| What to do |
Check every line below for the string "stroke". Copy the ones that have it.

| Data |
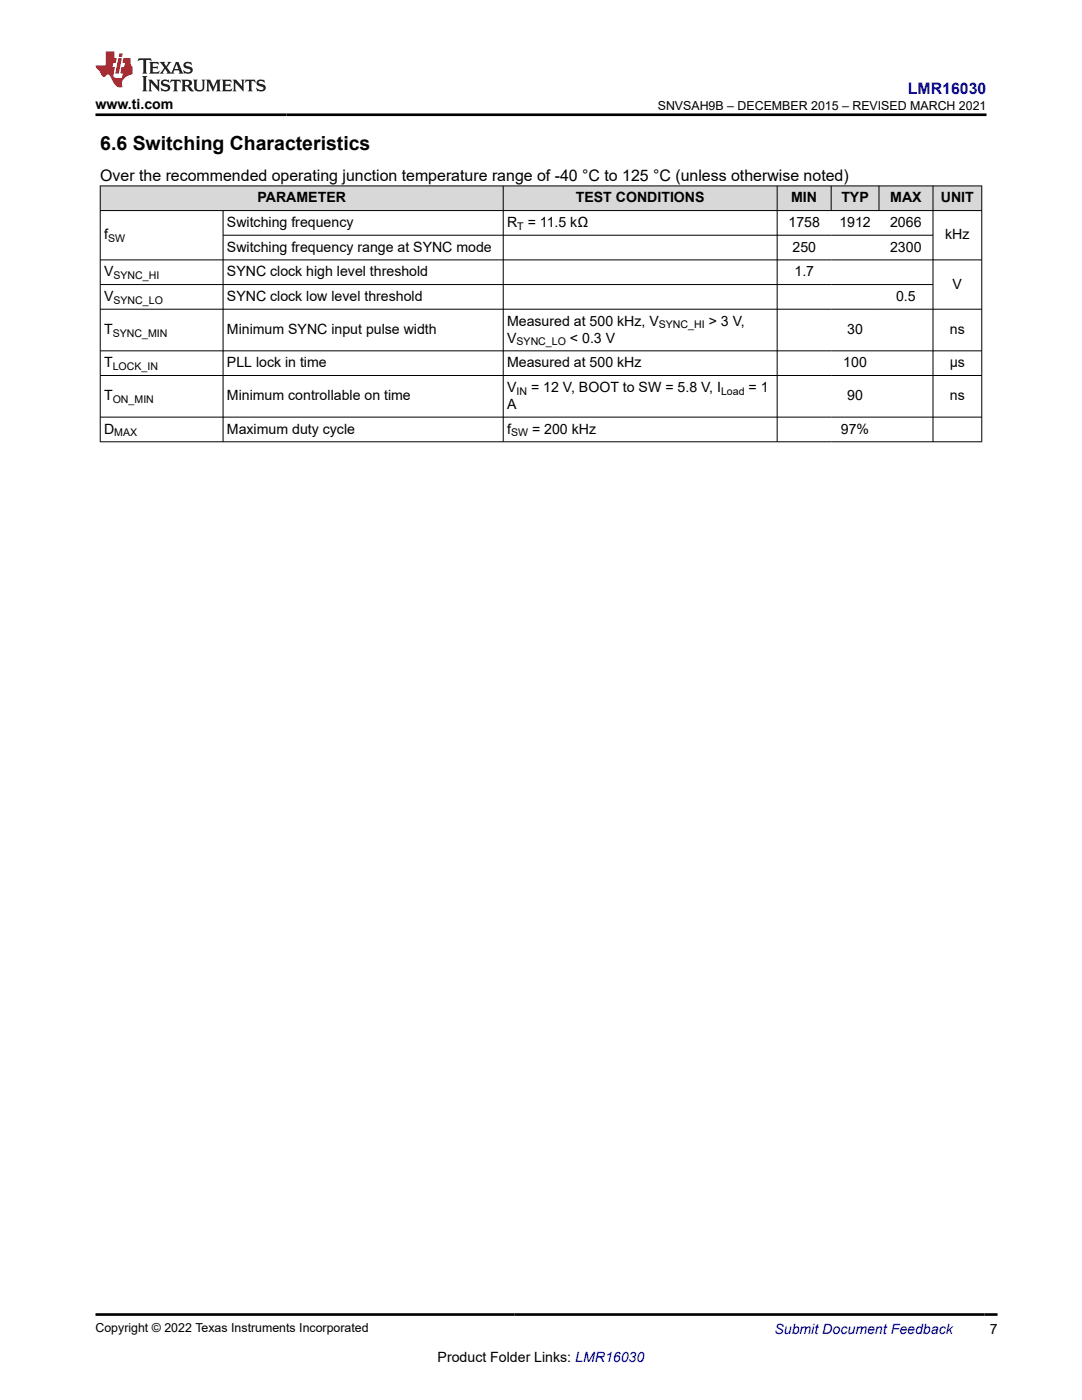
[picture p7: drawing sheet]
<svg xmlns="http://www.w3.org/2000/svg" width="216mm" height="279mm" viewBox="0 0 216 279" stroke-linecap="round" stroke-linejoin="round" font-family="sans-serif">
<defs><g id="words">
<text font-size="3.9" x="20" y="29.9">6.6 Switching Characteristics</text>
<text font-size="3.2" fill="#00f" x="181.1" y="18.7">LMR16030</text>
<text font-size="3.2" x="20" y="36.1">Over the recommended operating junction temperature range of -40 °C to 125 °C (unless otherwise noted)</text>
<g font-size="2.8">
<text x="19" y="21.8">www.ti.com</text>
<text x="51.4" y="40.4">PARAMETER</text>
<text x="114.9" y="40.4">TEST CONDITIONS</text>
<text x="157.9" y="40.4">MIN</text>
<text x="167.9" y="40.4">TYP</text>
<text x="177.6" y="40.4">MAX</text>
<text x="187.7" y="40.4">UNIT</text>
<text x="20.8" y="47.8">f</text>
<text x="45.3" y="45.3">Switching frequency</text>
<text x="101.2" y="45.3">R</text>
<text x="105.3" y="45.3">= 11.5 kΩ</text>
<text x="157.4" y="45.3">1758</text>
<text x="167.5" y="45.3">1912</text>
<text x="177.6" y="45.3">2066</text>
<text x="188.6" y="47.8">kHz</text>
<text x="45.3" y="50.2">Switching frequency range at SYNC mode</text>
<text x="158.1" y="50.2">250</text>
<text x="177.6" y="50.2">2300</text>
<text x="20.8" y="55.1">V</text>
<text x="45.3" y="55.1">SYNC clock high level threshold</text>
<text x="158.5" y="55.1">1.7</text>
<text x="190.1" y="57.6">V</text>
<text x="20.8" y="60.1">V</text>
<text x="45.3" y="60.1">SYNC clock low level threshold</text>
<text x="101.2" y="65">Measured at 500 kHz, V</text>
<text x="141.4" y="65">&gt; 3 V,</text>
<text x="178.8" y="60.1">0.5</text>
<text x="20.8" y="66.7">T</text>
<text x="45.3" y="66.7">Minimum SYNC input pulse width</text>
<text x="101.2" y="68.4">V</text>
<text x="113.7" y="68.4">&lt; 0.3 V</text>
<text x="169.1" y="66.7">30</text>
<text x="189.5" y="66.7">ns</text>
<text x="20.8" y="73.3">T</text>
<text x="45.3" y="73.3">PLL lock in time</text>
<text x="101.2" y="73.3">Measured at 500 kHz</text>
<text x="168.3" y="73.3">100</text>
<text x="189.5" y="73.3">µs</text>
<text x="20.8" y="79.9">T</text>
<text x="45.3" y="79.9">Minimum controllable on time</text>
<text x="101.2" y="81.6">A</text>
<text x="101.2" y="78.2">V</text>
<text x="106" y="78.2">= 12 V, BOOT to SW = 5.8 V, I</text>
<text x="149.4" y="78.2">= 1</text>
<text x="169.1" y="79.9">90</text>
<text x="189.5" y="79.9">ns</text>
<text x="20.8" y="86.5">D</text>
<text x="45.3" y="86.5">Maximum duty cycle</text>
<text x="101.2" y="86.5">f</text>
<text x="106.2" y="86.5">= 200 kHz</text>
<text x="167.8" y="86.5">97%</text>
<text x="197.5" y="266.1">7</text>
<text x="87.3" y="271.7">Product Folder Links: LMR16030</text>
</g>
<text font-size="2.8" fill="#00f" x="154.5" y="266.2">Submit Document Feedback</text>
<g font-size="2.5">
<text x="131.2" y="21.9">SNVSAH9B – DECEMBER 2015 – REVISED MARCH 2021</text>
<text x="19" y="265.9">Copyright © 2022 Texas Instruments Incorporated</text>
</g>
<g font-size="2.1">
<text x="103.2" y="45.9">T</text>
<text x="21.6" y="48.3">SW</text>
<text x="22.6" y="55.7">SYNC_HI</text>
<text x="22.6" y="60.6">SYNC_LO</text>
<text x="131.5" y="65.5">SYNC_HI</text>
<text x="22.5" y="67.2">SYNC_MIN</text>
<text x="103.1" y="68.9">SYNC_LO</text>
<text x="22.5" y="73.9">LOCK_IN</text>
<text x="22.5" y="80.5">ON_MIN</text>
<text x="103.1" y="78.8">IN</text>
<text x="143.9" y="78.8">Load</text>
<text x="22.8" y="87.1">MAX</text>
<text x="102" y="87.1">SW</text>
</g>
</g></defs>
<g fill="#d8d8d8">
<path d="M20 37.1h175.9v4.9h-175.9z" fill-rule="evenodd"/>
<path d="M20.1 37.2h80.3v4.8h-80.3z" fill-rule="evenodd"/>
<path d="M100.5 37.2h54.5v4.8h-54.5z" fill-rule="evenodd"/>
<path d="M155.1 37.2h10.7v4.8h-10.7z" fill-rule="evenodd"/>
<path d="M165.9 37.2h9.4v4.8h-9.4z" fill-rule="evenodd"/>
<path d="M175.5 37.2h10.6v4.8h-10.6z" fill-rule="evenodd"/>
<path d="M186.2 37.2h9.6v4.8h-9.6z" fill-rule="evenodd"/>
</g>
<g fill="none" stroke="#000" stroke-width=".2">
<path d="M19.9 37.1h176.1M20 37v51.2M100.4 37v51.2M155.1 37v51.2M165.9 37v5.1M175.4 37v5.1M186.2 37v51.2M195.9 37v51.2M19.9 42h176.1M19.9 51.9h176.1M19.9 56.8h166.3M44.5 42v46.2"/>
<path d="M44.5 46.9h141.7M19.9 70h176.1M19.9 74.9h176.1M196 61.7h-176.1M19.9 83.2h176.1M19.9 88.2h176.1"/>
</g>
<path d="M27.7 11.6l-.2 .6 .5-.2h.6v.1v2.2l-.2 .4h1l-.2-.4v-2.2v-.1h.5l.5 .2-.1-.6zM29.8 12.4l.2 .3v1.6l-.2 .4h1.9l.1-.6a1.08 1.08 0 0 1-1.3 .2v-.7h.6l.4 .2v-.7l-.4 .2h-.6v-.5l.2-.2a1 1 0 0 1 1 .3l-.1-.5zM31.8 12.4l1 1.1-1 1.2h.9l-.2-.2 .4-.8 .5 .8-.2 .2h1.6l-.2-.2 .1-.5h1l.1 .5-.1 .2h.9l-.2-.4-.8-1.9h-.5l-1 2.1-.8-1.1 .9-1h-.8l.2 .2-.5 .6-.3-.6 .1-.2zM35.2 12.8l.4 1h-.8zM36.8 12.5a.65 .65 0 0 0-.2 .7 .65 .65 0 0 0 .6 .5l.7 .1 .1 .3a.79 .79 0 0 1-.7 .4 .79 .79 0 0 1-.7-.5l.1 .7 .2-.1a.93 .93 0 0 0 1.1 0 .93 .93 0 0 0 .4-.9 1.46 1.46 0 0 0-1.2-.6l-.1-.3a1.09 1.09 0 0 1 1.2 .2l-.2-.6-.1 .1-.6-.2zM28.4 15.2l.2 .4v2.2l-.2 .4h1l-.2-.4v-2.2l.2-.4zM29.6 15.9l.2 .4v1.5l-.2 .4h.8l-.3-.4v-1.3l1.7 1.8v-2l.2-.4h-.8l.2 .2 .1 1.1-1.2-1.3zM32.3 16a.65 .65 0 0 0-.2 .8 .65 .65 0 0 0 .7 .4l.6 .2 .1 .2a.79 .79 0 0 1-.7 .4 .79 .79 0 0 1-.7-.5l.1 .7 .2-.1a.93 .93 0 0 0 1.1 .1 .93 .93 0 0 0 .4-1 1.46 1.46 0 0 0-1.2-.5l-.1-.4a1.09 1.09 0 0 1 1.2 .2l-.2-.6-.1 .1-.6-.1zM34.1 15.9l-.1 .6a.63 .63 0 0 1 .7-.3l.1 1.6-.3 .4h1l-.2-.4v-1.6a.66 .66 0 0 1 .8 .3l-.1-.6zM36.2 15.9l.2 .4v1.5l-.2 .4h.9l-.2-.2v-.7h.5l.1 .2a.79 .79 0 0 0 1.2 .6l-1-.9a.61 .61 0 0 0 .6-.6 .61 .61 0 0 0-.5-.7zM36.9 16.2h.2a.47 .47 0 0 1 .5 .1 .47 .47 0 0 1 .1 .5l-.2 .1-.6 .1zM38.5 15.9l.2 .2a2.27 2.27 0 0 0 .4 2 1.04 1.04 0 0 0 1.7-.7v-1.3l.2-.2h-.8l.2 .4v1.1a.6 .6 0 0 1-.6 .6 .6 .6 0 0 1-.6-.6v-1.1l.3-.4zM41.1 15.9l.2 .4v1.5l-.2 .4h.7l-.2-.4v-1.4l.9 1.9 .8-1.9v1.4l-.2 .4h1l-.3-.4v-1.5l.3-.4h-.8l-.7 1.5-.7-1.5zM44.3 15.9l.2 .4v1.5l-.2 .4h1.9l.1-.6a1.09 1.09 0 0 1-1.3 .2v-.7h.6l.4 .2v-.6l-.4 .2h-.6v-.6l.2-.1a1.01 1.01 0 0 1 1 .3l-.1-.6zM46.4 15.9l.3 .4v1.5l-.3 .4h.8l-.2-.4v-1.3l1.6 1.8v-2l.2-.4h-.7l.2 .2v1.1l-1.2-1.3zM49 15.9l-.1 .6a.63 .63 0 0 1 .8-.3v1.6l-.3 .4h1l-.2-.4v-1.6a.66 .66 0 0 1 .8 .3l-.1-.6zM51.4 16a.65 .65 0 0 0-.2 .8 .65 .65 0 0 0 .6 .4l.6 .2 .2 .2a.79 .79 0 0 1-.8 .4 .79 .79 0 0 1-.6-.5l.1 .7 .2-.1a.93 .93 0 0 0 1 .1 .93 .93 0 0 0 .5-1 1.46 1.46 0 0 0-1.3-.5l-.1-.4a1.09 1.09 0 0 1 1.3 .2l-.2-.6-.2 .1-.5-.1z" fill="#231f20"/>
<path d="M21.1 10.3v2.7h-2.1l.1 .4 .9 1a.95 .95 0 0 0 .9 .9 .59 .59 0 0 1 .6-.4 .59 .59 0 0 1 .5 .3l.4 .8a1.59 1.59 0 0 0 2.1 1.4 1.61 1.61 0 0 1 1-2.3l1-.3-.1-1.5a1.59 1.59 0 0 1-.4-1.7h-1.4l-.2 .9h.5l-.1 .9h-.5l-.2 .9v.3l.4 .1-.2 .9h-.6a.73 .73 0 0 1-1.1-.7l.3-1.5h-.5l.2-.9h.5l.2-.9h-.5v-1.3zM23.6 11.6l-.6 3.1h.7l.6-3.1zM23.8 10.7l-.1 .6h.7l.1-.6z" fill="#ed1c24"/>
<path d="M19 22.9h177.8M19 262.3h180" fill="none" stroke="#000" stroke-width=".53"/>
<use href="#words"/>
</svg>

| Response area |
<svg xmlns="http://www.w3.org/2000/svg" width="216mm" height="279mm" viewBox="0 0 216 279" stroke-linecap="round" stroke-linejoin="round" font-family="sans-serif">
<g fill="none" stroke="#000" stroke-width=".2">
<path d="M19 22.9h177.8M19 262.3h180" fill="none" stroke="#000" stroke-width=".53"/>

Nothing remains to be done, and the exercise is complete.